At the same time, the network of the vmware virtual machine, it is best to choose the bridging mode, so that IP will not change frequently when the virtual machine is restarted.
3. Create test files
Calculations have data sources, so you need to go to HDFS to create a file and open permissions.

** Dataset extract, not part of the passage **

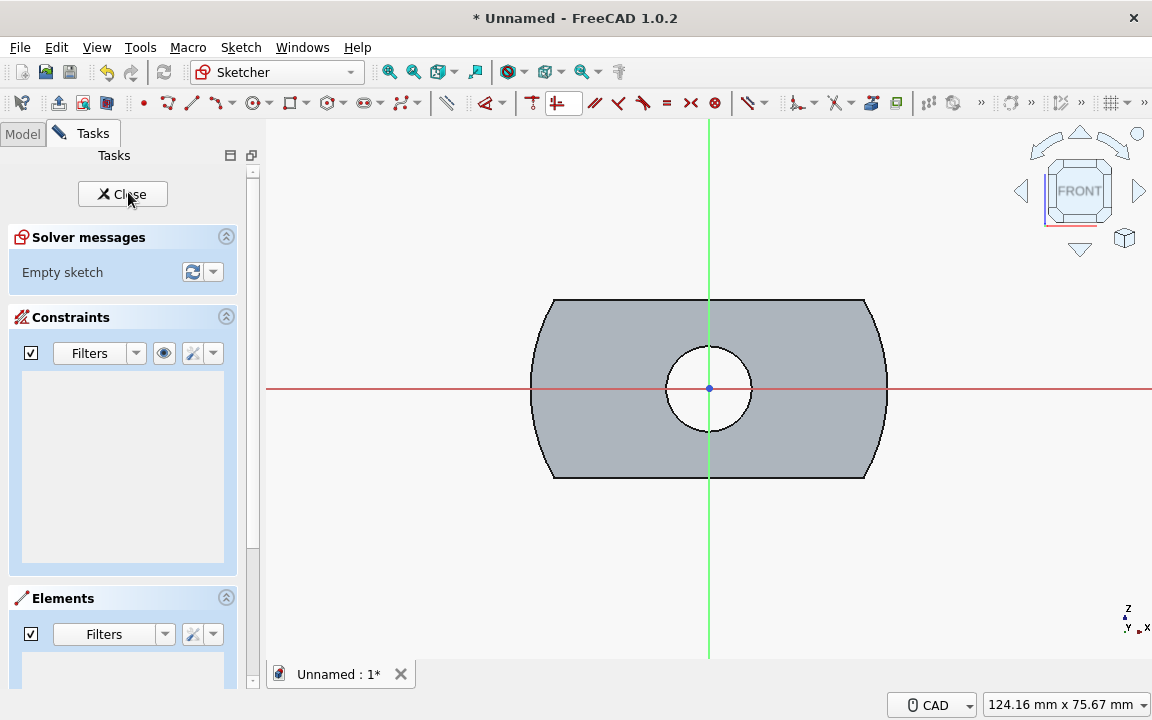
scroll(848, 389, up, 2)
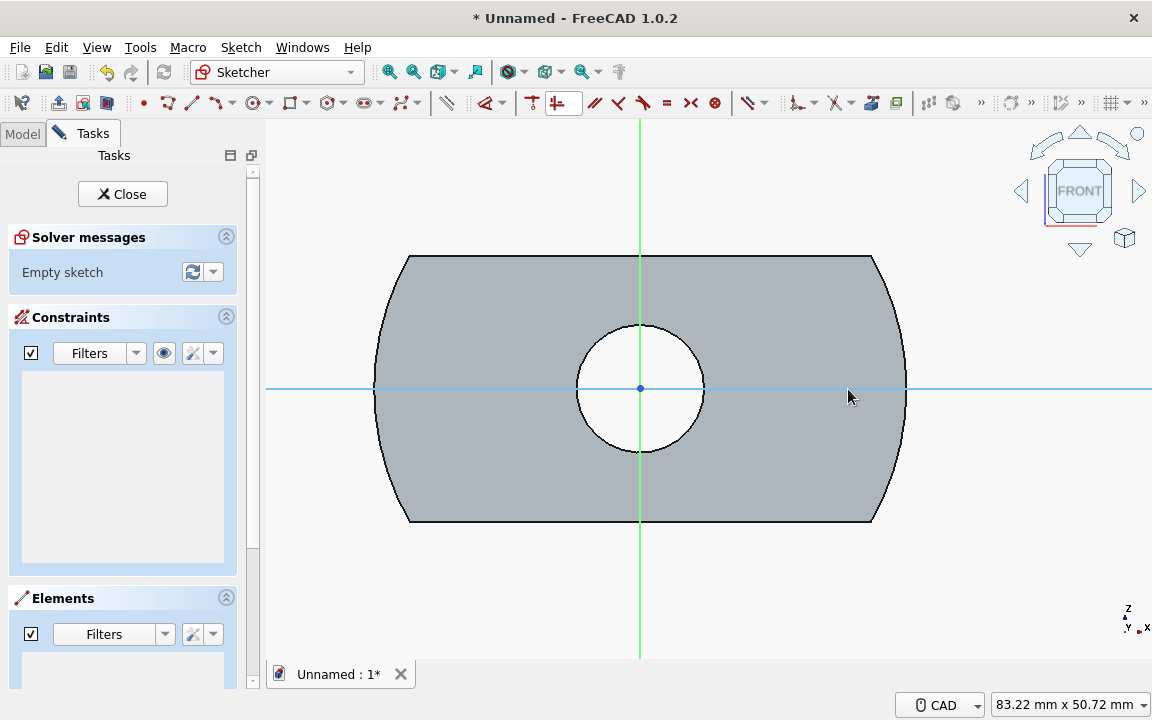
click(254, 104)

cd ../bin hdfs dfs -touchz /wc.txt echo "hello word flink oh oh" | ./hdfs dfs -appendToFile - /wc.txt ./hdfs dfs -chmod -R 777 /
4. Implementation Code
This is written in scala language, about how IDEA integrates Scala with Baidu.
Import Dependency
<dependencies> <dependency> <groupId>org.apache.flink</groupId> <artifactId>flink-scala_2.11</artifactId> <version>1.9.1</version> </dependency> <dependency> <groupId>org.apache.flink</groupId> <artifactId>flink-streaming-scala_2.11</artifactId> <version>1.9.1</version> </dependency> <dependency> <groupId>org.apache.hadoop</groupId> <artifactId>hadoop-common</artifactId> <version>2.7.2</version> </dependency> <dependency> <groupId>org.apache.hadoop</groupId> <artifactId>hadoop-client</artifactId> <version>2.7.2</version> </dependency> </dependencies> <build> <plugins> <!-- This plugin is used to add Scala Code compilation to class file --> <plugin> <groupId>net.alchim31.maven</groupId> <artifactId>scala-maven-plugin</artifactId> <version>3.4.6</version> <executions> <execution> <!-- Declare binding to maven Of compile stage --> <goals> <goal>testCompile</goal> </goals> </execution> </executions> </plugin> <plugin> <groupId>org.apache.maven.plugins</groupId> <artifactId>maven-assembly-plugin</artifactId> <version>3.0.0</version> <configuration> <descriptorRefs> <descriptorRef>jar-with-dependencies</descriptorRef> </descriptorRefs> </configuration> <executions> <execution> <id>make-assembly</id> <phase>package</phase> <goals> <goal>single</goal> </goals> </execution> </executions> </plugin> </plugins> </build>
create a file
Implementation Code
package source import java.net.URL import org.apache.flink.streaming.api.scala.StreamExecutionEnvironment object FileSource { def main(args: Array[String]): Unit = { //Initialization Context val streamEnv: StreamExecutionEnvironment = StreamExecutionEnvironment.getExecutionEnvironment; //Set parallelism (tasks can be spread over several slot s) streamEnv.setParallelism(1); //Sometimes the code cannot be prompted and can be imported into a function, it will prompt automatically import org.apache.flink.streaming.api.scala._ //Reading data sources from hdfs val stream: DataStream[String] = streamEnv.readTextFile("hdfs://zjj1:9000/wc.txt") val result: DataStream[(String, Int)] = stream .flatMap(_.split(" "))//The data read by flatMap is split into an array by spaces .map((_, 1))//Each element in the array is split into a key-value pair whose key is its own value of 1 .keyBy(0)//Grouping 0 by key is key 1 is value .sum(1)//Calculate the cumulative value with a subscript of 1 result.print();//Print results //Execute task, stream calculation does not execute, no result streamEnv.execute("readHdfs"); } }
Contents in the file:
View the contents of the file through HDFS dfs-cat/wc.txt
Output results:
3. Conclusion
That's all for today's study. Go on!